Problem =
What is needed is an exact transcription of every entry below, with the pictures left out.

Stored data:

=== Section Start ===

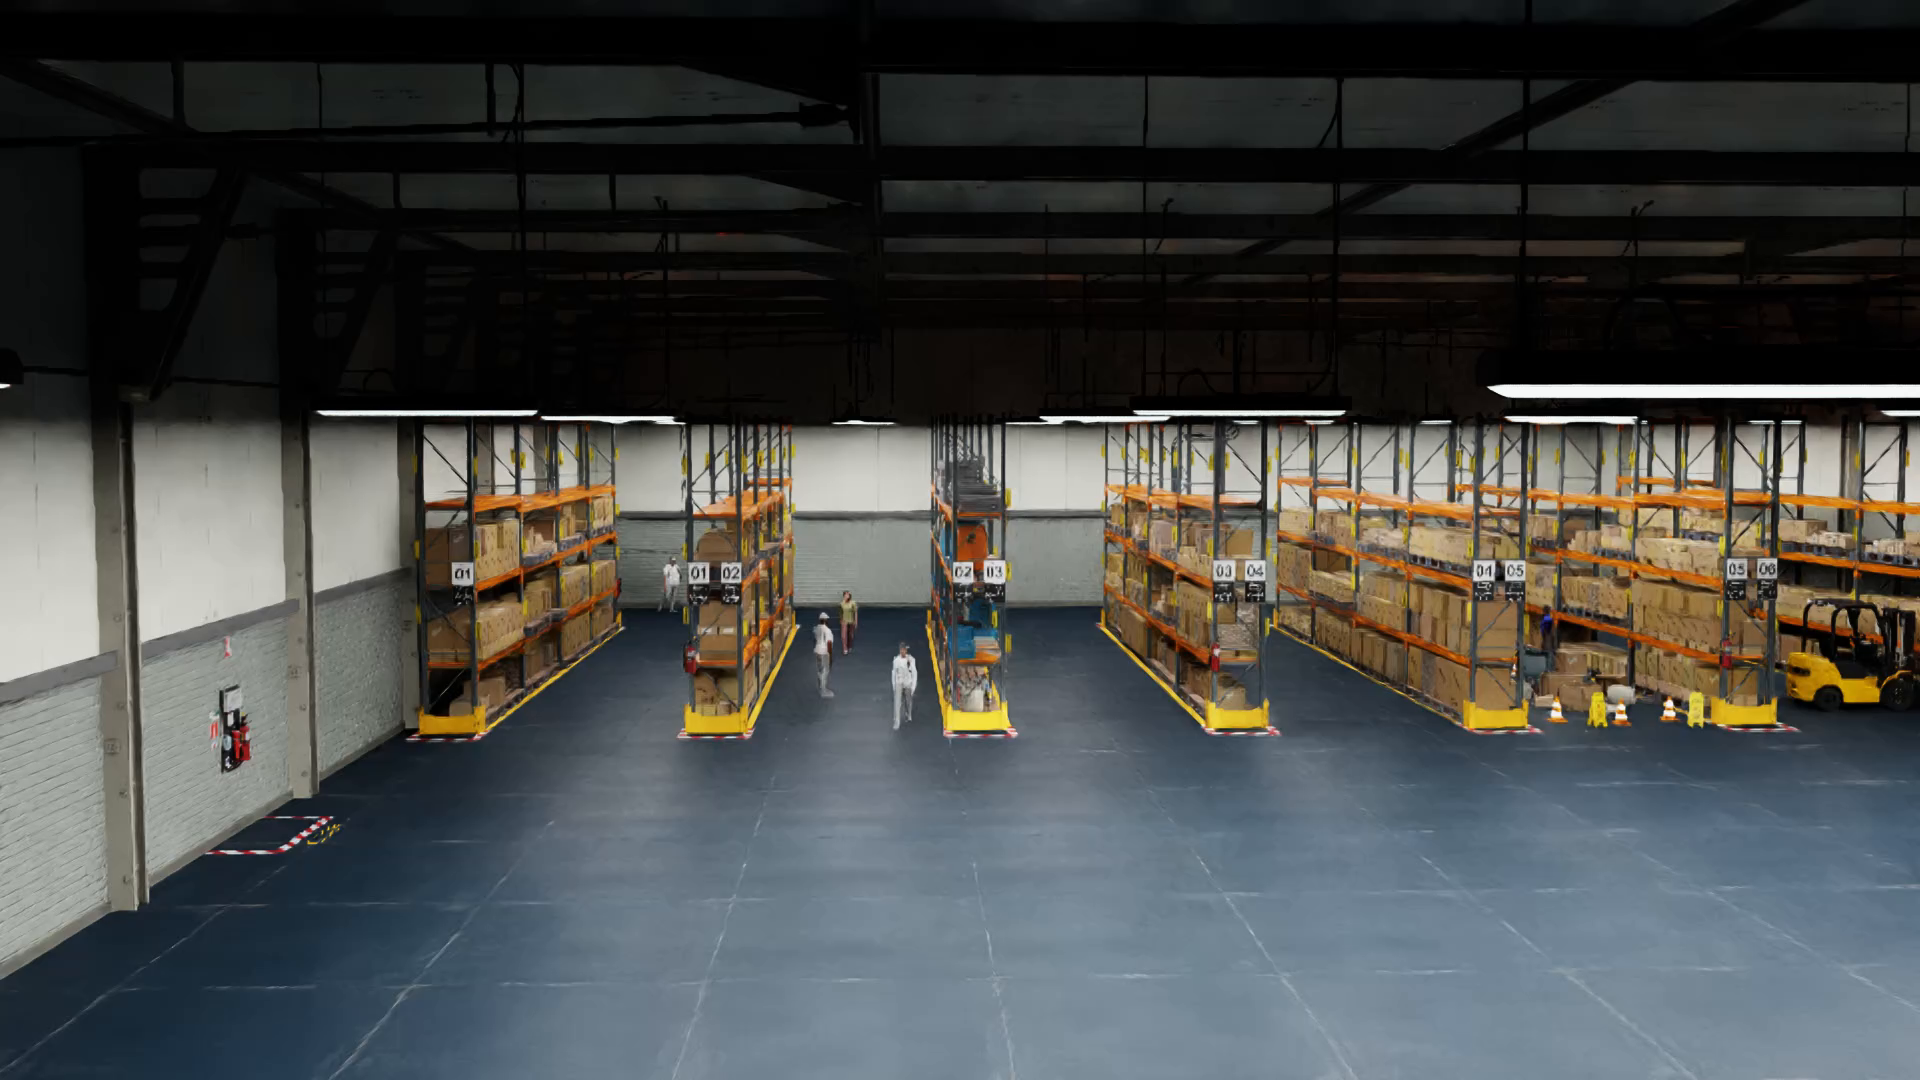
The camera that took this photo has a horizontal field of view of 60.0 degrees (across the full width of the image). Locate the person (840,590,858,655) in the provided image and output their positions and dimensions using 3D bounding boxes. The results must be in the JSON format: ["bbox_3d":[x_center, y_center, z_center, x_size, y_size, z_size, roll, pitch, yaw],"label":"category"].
[{"bbox_3d":[-2.811,2.057,41.963,0.458,1.612,1.010,0,4,-3],"label":"person"}]

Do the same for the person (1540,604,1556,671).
[{"bbox_3d":[13.405,2.294,38.061,0.556,1.650,0.588,2,4,23],"label":"person"}]

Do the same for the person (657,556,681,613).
[{"bbox_3d":[-8.969,1.370,51.164,0.704,1.739,0.543,-3,5,-42],"label":"person"}]

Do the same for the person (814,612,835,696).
[{"bbox_3d":[-2.854,2.415,35.378,0.447,1.771,0.632,-2,5,-33],"label":"person"}]

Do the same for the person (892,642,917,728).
[{"bbox_3d":[-1.061,2.738,31.752,0.492,1.625,0.955,0,4,1],"label":"person"}]

=== Section End ===

Response box =
The camera that took this photo has a horizontal field of view of 60.0 degrees (across the full width of the image). Locate the person (840,590,858,655) in the provided image and output their positions and dimensions using 3D bounding boxes. The results must be in the JSON format: ["bbox_3d":[x_center, y_center, z_center, x_size, y_size, z_size, roll, pitch, yaw],"label":"category"].
[{"bbox_3d":[-2.811,2.057,41.963,0.458,1.612,1.010,0,4,-3],"label":"person"}]

Do the same for the person (1540,604,1556,671).
[{"bbox_3d":[13.405,2.294,38.061,0.556,1.650,0.588,2,4,23],"label":"person"}]

Do the same for the person (657,556,681,613).
[{"bbox_3d":[-8.969,1.370,51.164,0.704,1.739,0.543,-3,5,-42],"label":"person"}]

Do the same for the person (814,612,835,696).
[{"bbox_3d":[-2.854,2.415,35.378,0.447,1.771,0.632,-2,5,-33],"label":"person"}]

Do the same for the person (892,642,917,728).
[{"bbox_3d":[-1.061,2.738,31.752,0.492,1.625,0.955,0,4,1],"label":"person"}]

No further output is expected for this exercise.